OpenAI's Greg Brockman posted on May 15, 2026 that Codex now supports cross-device linking through the ChatGPT app, enabling developers to initiate, monitor, and continue agentic coding workflows from any device, including mobile. The feature positions Codex not as a desktop-bound assistant but as a persistent development agent that travels with the user. No separate IDE, no local environment required to stay in the loop.

This is a direct pressure point on GitHub Copilot and Cursor, both of which remain anchored to desktop editor integrations.

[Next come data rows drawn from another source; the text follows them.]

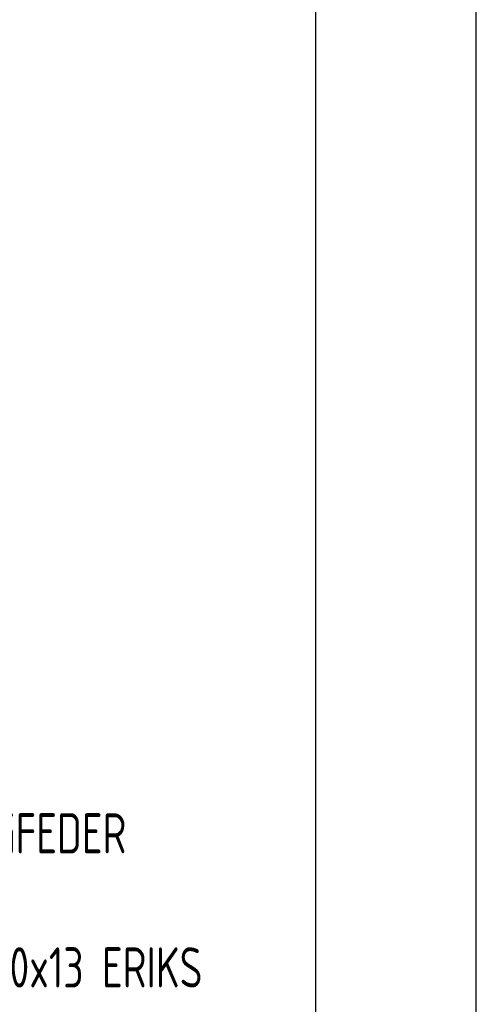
# Model space of a CAD drawing. Extents: x 0 to 2972, y 0 to 2102.
# Tile 29 of 45: x 2830 to 2972, y 329 to 635. Entities that reach past the tile are written whole.
import ezdxf

# ---------------------------------------------------------------- set-up
doc = ezdxf.new("R2010")
doc.units = 0
doc.header["$LTSCALE"] = 25
doc.layers.add('KADER', color=7, linetype='CONTINUOUS')
doc.layers.add('TXT050', color=2, linetype='CONTINUOUS')
doc.styles.get("Standard").update_dxf_attribs({"font": 'iso.shx', "width": 0.8})

# ---------------------------------------------------------------- blocks, each defined once
blk = doc.blocks.new('A0')
at = {"layer": 'KADER', "color": 0}
for p, q in [((1189, 0), (1189, 841)), ((1169, 20), (1169, 821))]:
    blk.add_line(p, q, dxfattribs=at)
at = {"layer": 'KADER', "color": 0, "width": 0.8}
for p, height in [((1002.47, 82.1), 5), ((1058.36, 82.1), 3.5), ((1002.47, 74.1), 3.5), ((1135.37, 71.2), 5), ((1002.47, 66.1), 3.5), ((1135.27, 53.41), 5), ((1031.47, 46.28), 2.5), ((1066.74, 46.28), 2.5), ((1103.13, 44.29), 3.5), ((1031.47, 41.28), 2.5), ((1066.74, 41.28), 2.5), ((1031.47, 36.28), 2.5), ((1066.74, 36.28), 2.5), ((1102.19, 33.14), 3.5), ((1133.4, 33.14), 3.5), ((1096.6, 22.33), 5), ((1110.15, 22.14), 5)]:
    blk.add_attdef('X', p, '', height=height, dxfattribs=at)

msp = doc.modelspace()

# ---------------------------------------------------------------- block references
at = {"layer": 'KADER', "color": 0, "xscale": 2.5, "yscale": 2.5, "zscale": 2.5}
msp.add_blockref('A0', (0, 0), dxfattribs=at)

# ---------------------------------------------------------------- texts
at = {"layer": 'TXT050', "color": 0, "width": 0.8}
for s, p in [('8x KLEMBUS RFN 7012 AS %%C110 RINGFEDER', (2621.845, 375.527)), ('8x OLIEKEERRING NBR RST %%C140x%%C110x13 ERIKS', (2622.007, 333.833))]:
    msp.add_text(s, height=12.5, dxfattribs=at).set_placement(p)

doc.saveas('drawing.dxf')
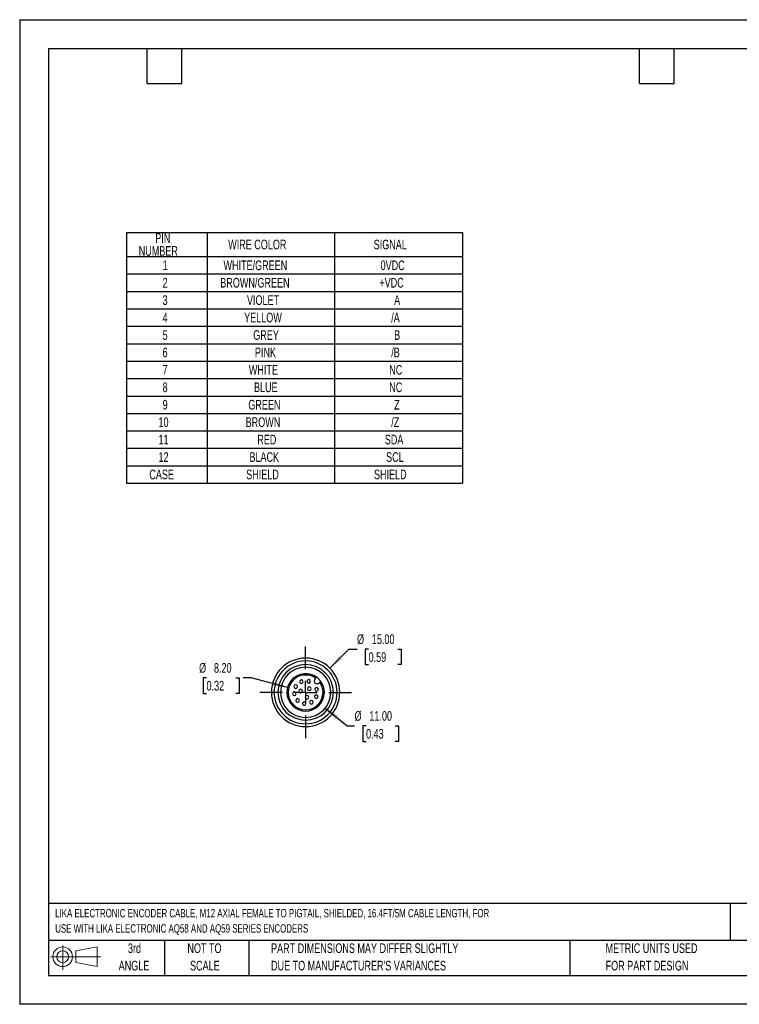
# Model space of a CAD drawing. Header units: millimetres. Extents: x 0 to 279, y 0 to 216.
# Tile 1 of 2: x 0 to 158, y 0 to 216. Entities that reach past the tile are written whole.
import ezdxf

# ---------------------------------------------------------------- set-up
doc = ezdxf.new("R2010")
doc.units = ezdxf.units.MM
doc.linetypes.add('CENTERX2', pattern=[20.32, 12.7, -2.54, 2.54, -2.54])
doc.layers.add('CENTER', color=40, linetype='CENTERX2')
doc.layers.add('SLD-DEFPOINTS', color=7, linetype='Continuous')
doc.layers.add('DIMENSIONS', color=140, linetype='Continuous', lineweight=25)
doc.layers.add('TEXT', color=140, linetype='Continuous', lineweight=25)
doc.styles.add('SLDTEXTSTYLE0', font='TXT', dxfattribs={"width": 0.7})
doc.dimstyles.new('SLDDIMSTYLE0', dxfattribs={"dimtxt": 2.158008, "dimasz": 3.302, "dimexe": 0, "dimexo": 0.0625, "dimgap": 0.539502, "dimtad": 0, "dimtih": 1, "dimtoh": 1, "dimrnd": 1e-09, "dimzin": 4, "dimdsep": 46, "dimtxsty": 'SLDTEXTSTYLE0', "dimsah": 1, "dimcen": 0, "dimadec": 0, "dimazin": 1, "dimtfac": 1, "dimtofl": 0, "dimtmove": 0, "dimatfit": 3, "dimfxl": 0, "dimfrac": 2, "dimtolj": 1, "dimtzin": 12, "dimarcsym": 0})

# ---------------------------------------------------------------- blocks, each defined once
blk = doc.blocks.new('Block11')
at = {"color": 7, "linetype": 'Continuous', "lineweight": 18}
for p, q in [((2.59, 5.31), (2.59, 0)), ((5.48, 4.17), (10.18, 5.03)), ((10.18, 5.03), (10.18, 0.73)), ((0, 2.88), (10.87, 2.88)), ((5.48, 1.6), (5.48, 4.17)), ((5.48, 1.6), (10.18, 0.73))]:
    blk.add_line(p, q, dxfattribs=at)
for radius in [2.15, 1.29]:
    blk.add_circle((2.59, 2.88), radius, dxfattribs=at)
blk = doc.blocks.new('Block12')
at = {"layer": 'SLD-DEFPOINTS'}
blk.add_blockref('Block11', (0, 0), dxfattribs=at)
blk = doc.blocks.new('SW_NOTE_0')
at = {"layer": 'TEXT', "color": 0, "linetype": 'CENTERX2', "lineweight": 18, "char_height": 1.8519, "attachment_point": 1, "style": 'SLDTEXTSTYLE0'}
for s, insert in [('LIKA ELECTRONIC ENCODER CABLE, M12 AXIAL FEMALE TO PIGTAIL, SHIELDED, 16.4FT/5M CABLE LENGTH, FOR', (0, 2.39)), ('USE WITH LIKA ELECTRONIC AQ58 AND AQ59 SERIES ENCODERS', (0, -0.96))]:
    blk.add_mtext(s, dxfattribs=dict(at, insert=insert))
blk = doc.blocks.new('SW_NOTE_0_3')
at = {"layer": 'TEXT', "color": 0, "linetype": 'CENTERX2', "lineweight": 18, "char_height": 2.1167, "attachment_point": 1, "style": 'SLDTEXTSTYLE0'}
for s, insert in [('PART DIMENSIONS MAY DIFFER SLIGHTLY', (0, 2.73)), ("DUE TO MANUFACTURER'S VARIANCES", (0, -1.09))]:
    blk.add_mtext(s, dxfattribs=dict(at, insert=insert))
blk = doc.blocks.new('SW_NOTE_0_4')
at = {"layer": 'TEXT', "color": 0, "linetype": 'CENTERX2', "lineweight": 18, "char_height": 2.117, "attachment_point": 2, "style": 'SLDTEXTSTYLE0'}
for s, insert in [('NOT TO', (5.26, 2.73)), ('SCALE', (5.35, -1.09))]:
    blk.add_mtext(s, dxfattribs=dict(at, insert=insert))
blk = doc.blocks.new('SW_NOTE_0_5')
at = {"layer": 'TEXT', "color": 0, "linetype": 'CENTERX2', "lineweight": 18, "char_height": 2.117, "attachment_point": 2, "style": 'SLDTEXTSTYLE0'}
for s, insert in [('3rd', (2.32, 2.73)), ('ANGLE', (2.22, -1.09))]:
    blk.add_mtext(s, dxfattribs=dict(at, insert=insert))
blk = doc.blocks.new('SW_NOTE_0_6')
at = {"layer": 'TEXT', "color": 0, "linetype": 'CENTERX2', "lineweight": 18, "char_height": 2.1167, "attachment_point": 1, "style": 'SLDTEXTSTYLE0'}
for s, insert in [('METRIC UNITS USED', (0, 2.73)), ('FOR PART DESIGN', (0, -1.09))]:
    blk.add_mtext(s, dxfattribs=dict(at, insert=insert))
blk = doc.blocks.new('SW_TABLEANNOTATION_0')
at = {"layer": 'TEXT', "color": 0}
for p, q in [((0, 0), (0, -5.3)), ((0, 0), (17.69, 0)), ((17.69, 0), (17.69, -5.3)), ((17.69, 0), (45.65, 0)), ((45.65, 0), (45.65, -5.3)), ((45.65, 0), (73.72, 0)), ((73.72, 0), (73.72, -5.3)), ((0, -5.3), (0, -9.12)), ((0, -5.3), (17.69, -5.3)), ((17.69, -5.3), (17.69, -9.12)), ((17.69, -5.3), (45.65, -5.3)), ((45.65, -5.3), (45.65, -9.12)), ((45.65, -5.3), (73.72, -5.3)), ((73.72, -5.3), (73.72, -9.12)), ((0, -9.12), (0, -12.94)), ((0, -9.12), (17.69, -9.12)), ((17.69, -9.12), (17.69, -12.94)), ((17.69, -9.12), (45.65, -9.12)), ((45.65, -9.12), (45.65, -12.94)), ((45.65, -9.12), (73.72, -9.12)), ((73.72, -9.12), (73.72, -12.94)), ((0, -12.94), (0, -16.77)), ((0, -12.94), (17.69, -12.94)), ((17.69, -12.94), (17.69, -16.77)), ((17.69, -12.94), (45.65, -12.94)), ((45.65, -12.94), (45.65, -16.77)), ((45.65, -12.94), (73.72, -12.94)), ((73.72, -12.94), (73.72, -16.77)), ((0, -16.77), (0, -20.59)), ((0, -16.77), (17.69, -16.77)), ((17.69, -16.77), (17.69, -20.59)), ((17.69, -16.77), (45.65, -16.77)), ((45.65, -16.77), (45.65, -20.59)), ((45.65, -16.77), (73.72, -16.77)), ((73.72, -16.77), (73.72, -20.59)), ((0, -20.59), (0, -24.41)), ((0, -20.59), (17.69, -20.59)), ((17.69, -20.59), (17.69, -24.41)), ((17.69, -20.59), (45.65, -20.59)), ((45.65, -20.59), (45.65, -24.41)), ((45.65, -20.59), (73.72, -20.59)), ((73.72, -20.59), (73.72, -24.41)), ((0, -24.41), (0, -28.23)), ((0, -24.41), (17.69, -24.41)), ((17.69, -24.41), (17.69, -28.23)), ((17.69, -24.41), (45.65, -24.41)), ((45.65, -24.41), (45.65, -28.23)), ((45.65, -24.41), (73.72, -24.41)), ((73.72, -24.41), (73.72, -28.23)), ((0, -28.23), (0, -32.06)), ((0, -28.23), (17.69, -28.23)), ((17.69, -28.23), (17.69, -32.06)), ((17.69, -28.23), (45.65, -28.23)), ((45.65, -28.23), (45.65, -32.06)), ((45.65, -28.23), (73.72, -28.23)), ((73.72, -28.23), (73.72, -32.06)), ((0, -32.06), (0, -35.88)), ((0, -32.06), (17.69, -32.06)), ((17.69, -32.06), (17.69, -35.88)), ((17.69, -32.06), (45.65, -32.06)), ((45.65, -32.06), (45.65, -35.88)), ((45.65, -32.06), (73.72, -32.06)), ((73.72, -32.06), (73.72, -35.88)), ((0, -35.88), (0, -39.7)), ((0, -35.88), (17.69, -35.88)), ((17.69, -35.88), (17.69, -39.7)), ((17.69, -35.88), (45.65, -35.88)), ((45.65, -35.88), (45.65, -39.7)), ((45.65, -35.88), (73.72, -35.88)), ((73.72, -35.88), (73.72, -39.7)), ((0, -39.7), (0, -43.52)), ((0, -39.7), (17.69, -39.7)), ((17.69, -39.7), (17.69, -43.52)), ((17.69, -39.7), (45.65, -39.7)), ((45.65, -39.7), (45.65, -43.52)), ((45.65, -39.7), (73.72, -39.7)), ((73.72, -39.7), (73.72, -43.52)), ((0, -43.52), (0, -47.34)), ((0, -43.52), (17.69, -43.52)), ((17.69, -43.52), (17.69, -47.34)), ((17.69, -43.52), (45.65, -43.52)), ((45.65, -43.52), (45.65, -47.34)), ((45.65, -43.52), (73.72, -43.52)), ((73.72, -43.52), (73.72, -47.34)), ((0, -47.34), (0, -51.17)), ((0, -47.34), (17.69, -47.34)), ((17.69, -47.34), (17.69, -51.17)), ((17.69, -47.34), (45.65, -47.34)), ((45.65, -47.34), (45.65, -51.17)), ((45.65, -47.34), (73.72, -47.34)), ((73.72, -47.34), (73.72, -51.17)), ((0, -51.17), (0, -54.99)), ((0, -51.17), (17.69, -51.17)), ((17.69, -51.17), (17.69, -54.99)), ((17.69, -51.17), (45.65, -51.17)), ((45.65, -51.17), (45.65, -54.99)), ((45.65, -51.17), (73.72, -51.17)), ((73.72, -51.17), (73.72, -54.99)), ((0, -54.99), (17.69, -54.99)), ((17.69, -54.99), (45.65, -54.99)), ((45.65, -54.99), (73.72, -54.99))]:
    blk.add_line(p, q, dxfattribs=at)
at = {"layer": 'TEXT', "color": 0, "attachment_point": 1, "style": 'SLDTEXTSTYLE0'}
for s, insert, char_height in [('PIN', (6.34, -0.18), 2.117), ('WIRE COLOR', (22.33, -1.6), 2.117), ('SIGNAL', (54.23, -1.6), 2.117), ('NUMBER', (2.72, -3.01), 2.117), ('1', (7.95, -6.16), 2.12), ('WHITE/GREEN', (21.3, -6.16), 2.1167), ('0VDC', (55.75, -6.16), 2.117), ('2', (7.95, -9.98), 2.12), ('BROWN/GREEN', (20.6, -9.98), 2.1167), ('+VDC', (55.49, -9.98), 2.117), ('3', (7.95, -13.8), 2.12), ('VIOLET', (26.45, -13.8), 2.117), ('A', (58.72, -13.8), 2.12), ('4', (7.95, -17.62), 2.12), ('YELLOW', (25.83, -17.62), 2.117), ('/A', (58.08, -17.62), 2.117), ('5', (7.95, -21.45), 2.12), ('GREY', (27.83, -21.45), 2.117), ('B', (58.72, -21.45), 2.12), ('6', (7.95, -25.27), 2.12), ('PINK', (28.19, -25.27), 2.117), ('/B', (58.08, -25.27), 2.117), ('7', (7.95, -29.09), 2.12), ('WHITE', (26.86, -29.09), 2.117), ('NC', (57.64, -29.09), 2.117), ('8', (7.95, -32.91), 2.12), ('BLUE', (27.99, -32.91), 2.117), ('NC', (57.64, -32.91), 2.117), ('9', (7.95, -36.73), 2.12), ('GREEN', (26.75, -36.73), 2.117), ('Z', (58.72, -36.73), 2.12), ('10', (7.05, -40.56), 2.117), ('BROWN', (26.16, -40.56), 2.117), ('/Z', (58.08, -40.56), 2.117), ('11', (7.05, -44.38), 2.117), ('RED', (28.71, -44.38), 2.117), ('SDA', (56.67, -44.38), 2.117), ('12', (7.05, -48.2), 2.117), ('BLACK', (26.99, -48.2), 2.117), ('SCL', (56.95, -48.2), 2.117), ('CASE', (5.04, -52.02), 2.117), ('SHIELD', (26.28, -52.02), 2.117), ('SHIELD', (54.3, -52.02), 2.117)]:
    blk.add_mtext(s, dxfattribs=dict(at, insert=insert, char_height=char_height))
blk = doc.blocks.new('_D')
at = {"layer": 'DIMENSIONS'}
for p, q in [((68, 73.71), (72.2, 77.9)), ((72.2, 77.9), (73.97, 77.9)), ((76.5, 77.9), (75.77, 77.9)), ((75.77, 77.9), (75.77, 74.48)), ((82.91, 77.9), (83.63, 77.9)), ((83.63, 77.9), (83.63, 74.48)), ((75.77, 74.48), (76.5, 74.48)), ((83.63, 74.48), (82.91, 74.48))]:
    blk.add_line(p, q, dxfattribs=at)
blk.add_solid([(68, 73.71), (70.7, 75.69), (69.98, 76.4)], dxfattribs=at)
at = {"layer": 'DIMENSIONS', "char_height": 2.117, "attachment_point": 1, "style": 'SLDTEXTSTYLE0'}
for s, insert in [('%%c', (73.97, 81.12)), ('15.00', (77.23, 81.12)), ('0.59', (76.5, 77.2))]:
    blk.add_mtext(s, dxfattribs=dict(at, insert=insert))
blk = doc.blocks.new('_D_1')
at = {"layer": 'DIMENSIONS'}
for p, q in [((66.99, 64.97), (71.84, 61.08)), ((71.84, 61.08), (73.42, 61.08)), ((75.95, 61.08), (75.22, 61.08)), ((75.22, 61.08), (75.22, 57.65)), ((82.36, 61.08), (83.09, 61.08)), ((83.09, 61.08), (83.09, 57.65)), ((75.22, 57.65), (75.95, 57.65)), ((83.09, 57.65), (82.36, 57.65))]:
    blk.add_line(p, q, dxfattribs=at)
blk.add_solid([(66.99, 64.97), (69.25, 62.5), (69.88, 63.3)], dxfattribs=at)
at = {"layer": 'DIMENSIONS', "char_height": 2.117, "attachment_point": 1, "style": 'SLDTEXTSTYLE0'}
for s, insert in [('%%c', (73.42, 64.29)), ('11.00', (76.68, 64.29)), ('0.43', (75.95, 60.38))]:
    blk.add_mtext(s, dxfattribs=dict(at, insert=insert))
blk = doc.blocks.new('_D_2')
at = {"layer": 'DIMENSIONS'}
for p, q in [((40.97, 71.62), (40.24, 71.62)), ((40.24, 71.62), (40.24, 68.19)), ((47.38, 71.62), (48.1, 71.62)), ((48.1, 71.62), (48.1, 68.19)), ((50.72, 71.62), (49.01, 71.62)), ((58.74, 69.47), (50.72, 71.62)), ((40.24, 68.19), (40.97, 68.19)), ((48.1, 68.19), (47.38, 68.19))]:
    blk.add_line(p, q, dxfattribs=at)
blk.add_solid([(58.74, 69.47), (55.68, 70.81), (55.42, 69.83)], dxfattribs=at)
at = {"layer": 'DIMENSIONS', "char_height": 2.117, "attachment_point": 1, "style": 'SLDTEXTSTYLE0'}
for s, insert in [('%%c', (39.34, 74.83)), ('8.20', (42.6, 74.83)), ('0.32', (40.97, 70.92))]:
    blk.add_mtext(s, dxfattribs=dict(at, insert=insert))
blk = doc.blocks.new('SW_CENTERMARKSYMBOL_0')
at = {"layer": 'CENTER', "color": 0}
for p, q in [((0, 5.08), (0, 10.04)), ((0, 0), (0, 2.54)), ((-5.08, 0), (-10.04, 0)), ((0, 0), (-2.54, 0)), ((0, 0), (0, -2.54)), ((0, 0), (2.54, 0)), ((5.08, 0), (10.04, 0)), ((0, -5.08), (0, -10.04))]:
    blk.add_line(p, q, dxfattribs=at)

msp = doc.modelspace()

# ---------------------------------------------------------------- linework, layer by layer
at = {"color": 7, "linetype": 'Continuous'}
for p, q in [((0.002, 215.903), (0.002, 0.003)), ((0.002, 215.903), (279.402, 215.903)), ((279.402, 0.003), (0.002, 0.003))]:
    msp.add_line(p, q, dxfattribs=at)
for p, q in [((64.75, 71.377), (64.895, 71.522)), ((64.895, 71.522), (65.102, 71.729)), ((65.814, 70.603), (65.669, 70.458)), ((66.021, 70.81), (65.814, 70.603)), ((55.199, 68.407), (55.799, 68.407)), ((57.199, 68.407), (56.599, 68.407)), ((58.599, 68.407), (58.888, 68.407)), ((66.51, 68.407), (66.799, 68.407)), ((68.799, 68.407), (68.199, 68.407)), ((69.599, 68.407), (70.199, 68.407))]:
    msp.add_line(p, q)
for centre, radius, start, end in [((62.699, 68.407), 7.5, 0, 180), ((62.699, 68.407), 6.9, 0, 180), ((62.699, 68.407), 6.1, 0, 180), ((62.699, 68.407), 5.5, 0, 180), ((62.699, 68.407), 4.1, 54.12196, 180), ((62.699, 68.407), 3.811, 54.81947, 180), ((65.209, 70.917), 0.65, 135, 315), ((62.699, 68.407), 4.1, 35.87804, 54.12196), ((60.539, 69.666), 0.4, 0, 180), ((60.539, 69.666), 0.4, 180, 0), ((61.636, 68.692), 0.4, 0, 180), ((61.757, 70.723), 0.4, 0, 180), ((61.757, 70.723), 0.4, 180, 0), ((63.367, 70.816), 0.4, 0, 180), ((63.367, 70.816), 0.4, 180, 0), ((63.477, 69.185), 0.4, 0, 180), ((63.477, 69.185), 0.4, 180, 0), ((65.108, 69.075), 0.4, 0, 180), ((62.699, 68.407), 3.811, 0, 35.18053), ((62.699, 68.407), 4.1, 0, 35.87804), ((62.699, 68.407), 7.5, 180, 0), ((62.699, 68.407), 6.9, 180, 0), ((62.699, 68.407), 6.1, 180, 0), ((62.699, 68.407), 5.5, 180, 0), ((62.699, 68.407), 4.1, 180, 0), ((62.699, 68.407), 3.811, 180, 0), ((60.22, 68.086), 0.4, 0, 180), ((60.22, 68.086), 0.4, 180, 0), ((60.931, 66.639), 0.4, 0, 180), ((61.636, 68.692), 0.4, 180, 0), ((62.984, 67.344), 0.4, 0, 180), ((62.984, 67.344), 0.4, 180, 0), ((65.015, 67.465), 0.4, 0, 180), ((65.015, 67.465), 0.4, 180, 0), ((65.108, 69.075), 0.4, 180, 0), ((60.931, 66.639), 0.4, 180, 0), ((62.378, 65.928), 0.4, 0, 180), ((62.378, 65.928), 0.4, 180, 0), ((63.958, 66.247), 0.4, 0, 180), ((63.958, 66.247), 0.4, 180, 0)]:
    msp.add_arc(centre, radius, start, end)
at = {"color": 179, "linetype": 'Continuous', "lineweight": 18}
msp.add_arc((62.699, 68.407), 6.1, 0, 180, dxfattribs=at)
at = {"layer": 'TEXT'}
for p, q in [((6.35, 209.55), (273.05, 209.55)), ((6.35, 209.55), (6.35, 6.35)), ((27.94, 201.93), (27.94, 209.55)), ((35.56, 201.93), (35.56, 209.55)), ((135.89, 201.93), (135.89, 209.55)), ((143.51, 201.93), (143.51, 209.55)), ((27.94, 201.93), (35.56, 201.93)), ((135.89, 201.93), (143.51, 201.93)), ((273.05, 22.126), (6.35, 22.126)), ((155.759, 22.126), (155.759, 13.97)), ((273.05, 13.97), (6.35, 13.97)), ((31.75, 13.97), (31.75, 6.35)), ((50.212, 13.97), (50.212, 6.35)), ((120.646, 13.97), (120.646, 6.35)), ((6.35, 6.35), (273.05, 6.35))]:
    msp.add_line(p, q, dxfattribs=at)

# ---------------------------------------------------------------- block references
at = {"layer": 'CENTER'}
msp.add_blockref('SW_CENTERMARKSYMBOL_0', (62.699, 68.407), dxfattribs=at)
at = {"layer": 'SLD-DEFPOINTS'}
msp.add_blockref('Block12', (6.838, 7.554), dxfattribs=at)
at = {"layer": 'TEXT'}
msp.add_blockref('SW_TABLEANNOTATION_0', (23.386, 169.267), dxfattribs=at)
at = {"layer": 'TEXT', "linetype": 'CENTERX2', "lineweight": 18}
for name, p in [('SW_NOTE_0', (7.782, 18.525)), ('SW_NOTE_0_5', (22.847, 10.635)), ('SW_NOTE_0_4', (35.257, 10.635)), ('SW_NOTE_0_3', (55.119, 10.635)), ('SW_NOTE_0_6', (128.478, 10.635))]:
    msp.add_blockref(name, p, dxfattribs=at)

# ---------------------------------------------------------------- dimensions: what is measured, and where the dimension line sits
at = {"layer": 'DIMENSIONS'}
for p1, p2, picture, middle in [((57.396, 63.104), (68.002, 73.71), '_D', (79.704, 77.905)), ((66.659, 67.346), (58.739, 69.468), '_D_2', (44.173, 71.617)), ((58.408, 71.848), (66.99, 64.966), '_D_1', (79.156, 61.079))]:
    dim = msp.add_diameter_dim_2p(p1=p1, p2=p2, dimstyle='SLDDIMSTYLE0', dxfattribs=at)
    dim.commit()
    dim.dimension.update_dxf_attribs({"geometry": picture, "text_midpoint": middle, "dimtype": 163})

doc.saveas('drawing.dxf')

By moving Codex into the ChatGPT app's cross-device layer, OpenAI is betting that the IDE itself becomes optional for a growing slice of development work. The strategic shift is real: if an agent can hold context, run tasks, and report back asynchronously, the developer's physical location stops mattering. That changes who can do serious development work and when, which is a distribution advantage that editor-native tools cannot easily replicate.

Watch whether JetBrains, Cursor, or Microsoft respond by deepening mobile or async interfaces for their own AI coding products. The underlying competition is no longer about which tool writes the best line of code. It is about which product owns the developer's attention across the full day, not just the hours spent at a desk. OpenAI's app distribution, with ChatGPT already installed on hundreds of millions of devices, gives Codex a surface area that purpose-built coding tools will struggle to match without a platform partner.